Assume that the initial expectation is to cast 10 Class A NFTs per day, with a starting price of 1 CKB.On the 5th day, it was expected that people would cast a total of 50 Class A NFTs, but because many people followed the trend, the casting volume reached 70, which was equivalent to the original goal that was originally planned to be achieved by the 7th day.In order to limit the speed, the casting price must be quickly increased through the index pricing curve, and the unit price rises to 4 CKB to curb casting behavior.
If by the 15th day, only 120 casts were cast (the original plan was to cast a total of 150) and the expected sales volume did not reach the expected sales volume, the price will be lowered at this time to stimulate the casting volume.
In the above scenario, when a certain type of BitLife is cast in large quantities in a short period of time, the casting price of this type of NFT will increase exponentially, and this drastic price increase can effectively prevent scientists.
Summary: Viewing Cellula from the perspective of player games
After talking about the entire core design of Cellula, we might as well look at this puzzle-breaking game mechanism from the perspective of players’ gaming.First of all, there are many participants in vPOW, and each participant has different strategies. Taking the first-level issuance market as an example, a “scientist” can write code and combine different BitCells to find BitLife with higher computing power to obtain more.High mining income, and there will be some MEV players who monitor casting events on the chain. When they find that a certain NB scientist casts a certain type of BitLife, they will also follow the trend and cast a lot.
However, due to the existence of VRGDAs exponential pricing algorithm, the price of a single type of BitLife casting can increase exponentially, which can effectively prevent scientists (anti-witches). Of course, it will also price BitLife/miner if a certain type of mining machine isIf the computing power is high, its casting/production price will also be very high. The price circulating in the secondary market will refer to the production price and then be transmitted to the entire supply chain.

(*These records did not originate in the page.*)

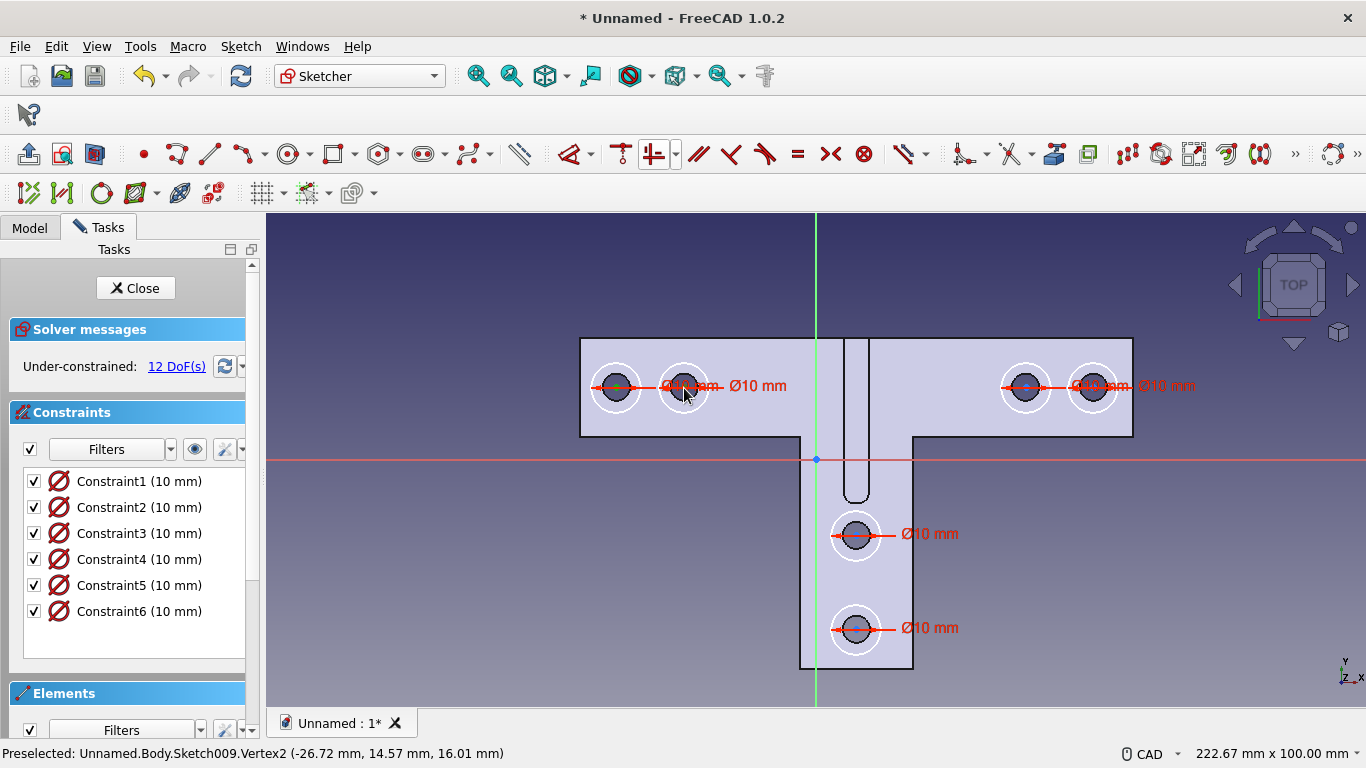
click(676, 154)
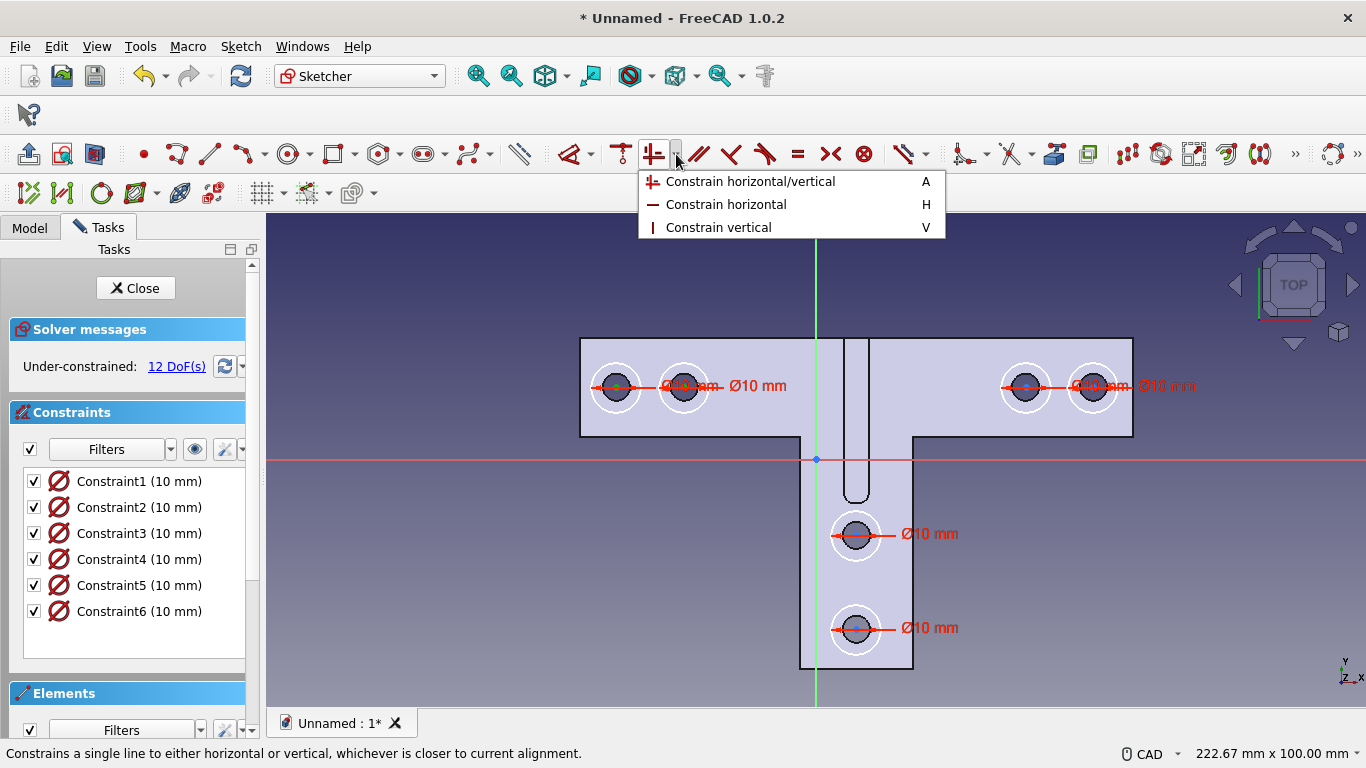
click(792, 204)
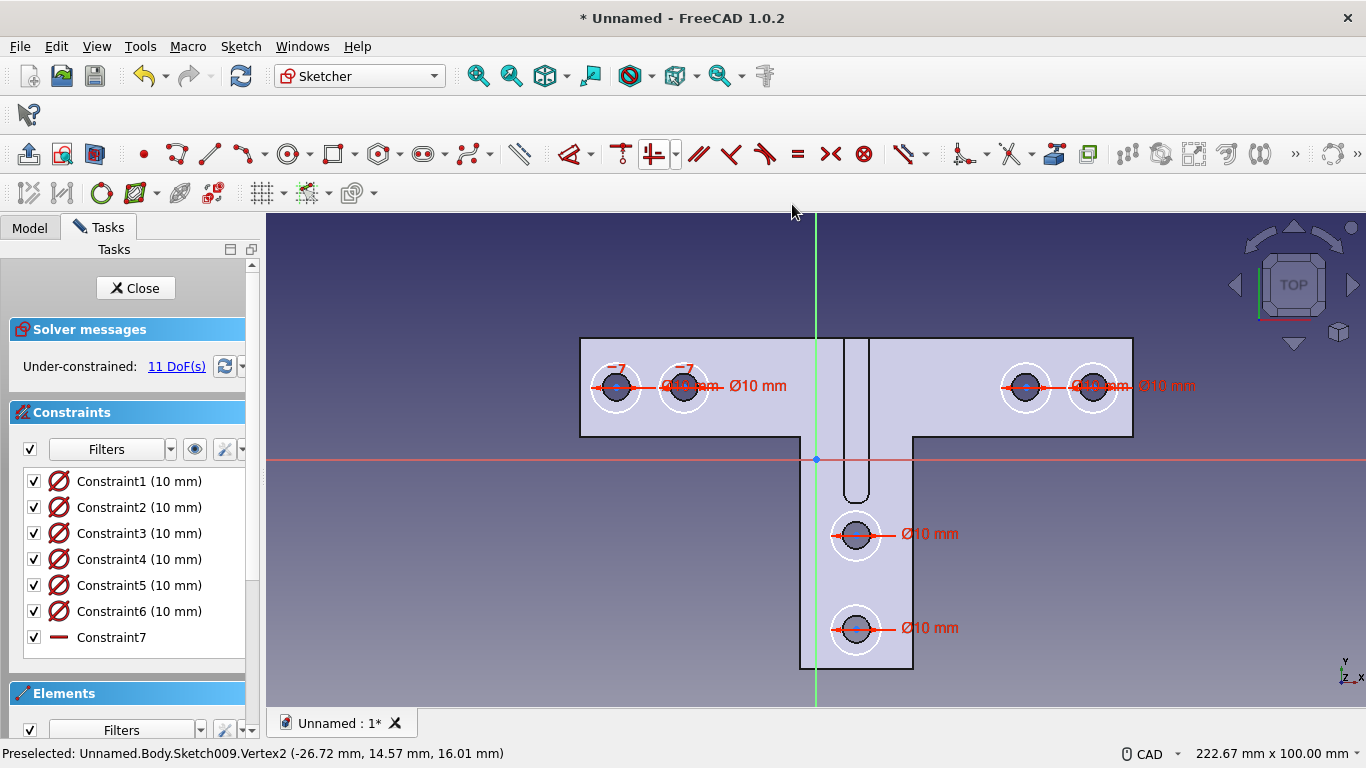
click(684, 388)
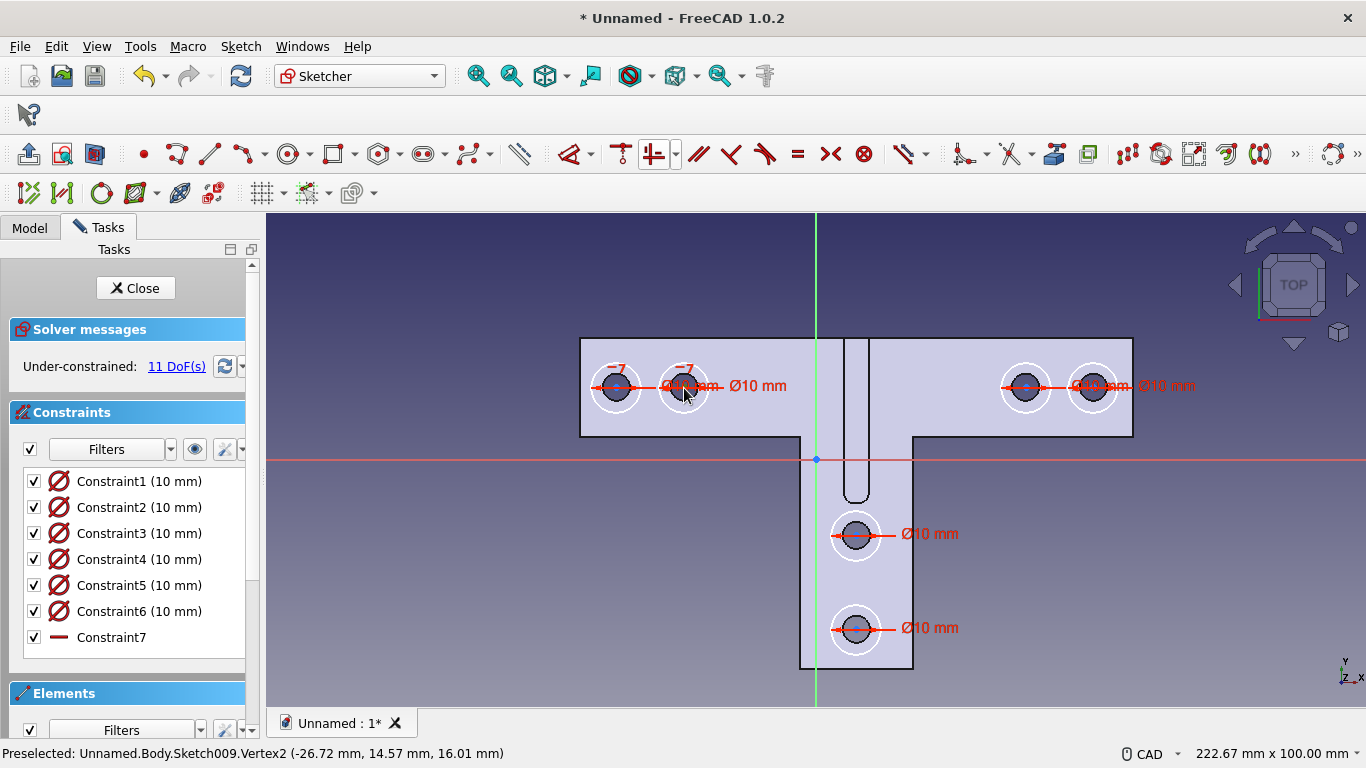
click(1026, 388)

Compared with the issuance process of BTC mining machines, scientists discovered that a certain type of BitLife has high computing power, just like a mining machine company developed a new chip, and MEV players followed suit to cast it, just like a first-level dealer completing the pricing of a mining machine, and then a second-levelMarket trading is similar to retail investors purchasing equipment from dealers.
The difference is that compared with the real world mining machine development, scientists have discovered that the new BitLife will be much faster, and anyone can participate in the state deduction of BitLife, which is largely equivalent to reducing the power of mining machine development.“Everyone has the opportunity to become a scientist”, which is more friendly to most people and is impossible to appear in the mining machine production chain in reality.
For the project party itself, adopting a POW-style asset distribution plan itself weakens its power, so neither scientists nor project parties nor ordinary players can unilaterally control the market.In the mining machine casting and issuance, the three parties have a game. None of them can completely monopolize the market, which can form a dynamic balance.
Overall, compared with the BTC mining machine industry chain, Cellula’s solution is a more interesting social experiment.